Requirement. Give the entries again exactly. Skip the pictures.

Excerpts from a dataset
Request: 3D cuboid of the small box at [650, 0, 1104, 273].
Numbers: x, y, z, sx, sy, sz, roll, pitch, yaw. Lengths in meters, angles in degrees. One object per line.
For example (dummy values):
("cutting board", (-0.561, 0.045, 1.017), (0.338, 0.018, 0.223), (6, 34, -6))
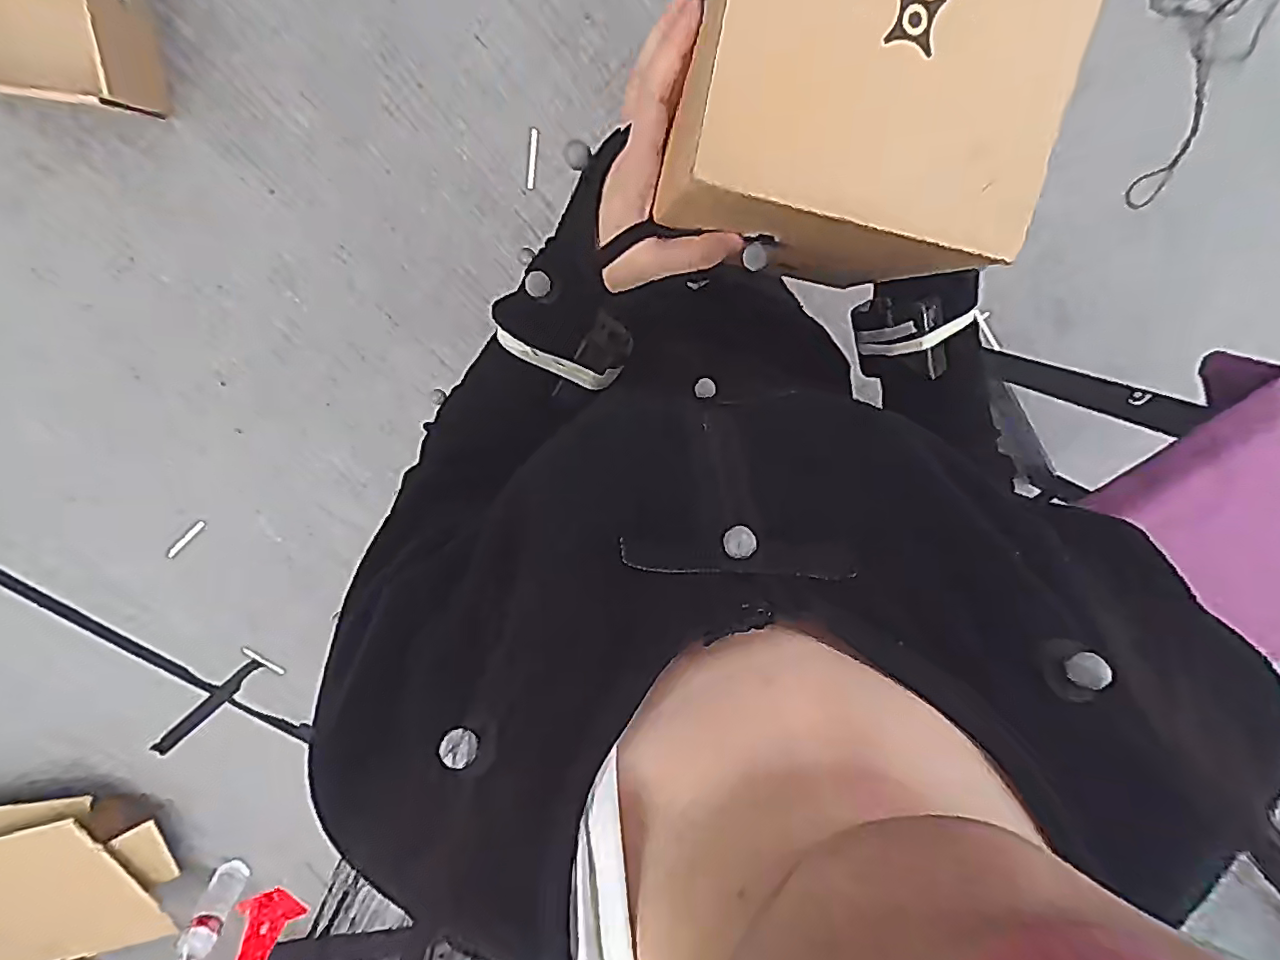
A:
("small box", (0.107, -0.225, 0.300), (0.168, 0.176, 0.179), (8, 103, -11))

Response.
Request: 3D cuboid of the small box at [650, 0, 1104, 273].
Numbers: x, y, z, sx, sy, sz, roll, pitch, yaw. Lengths in meters, angles in degrees. One object per line.
For example (dummy values):
("cutting board", (-0.561, 0.045, 1.017), (0.338, 0.018, 0.223), (6, 34, -6))
A:
("small box", (0.107, -0.225, 0.300), (0.168, 0.176, 0.179), (8, 103, -11))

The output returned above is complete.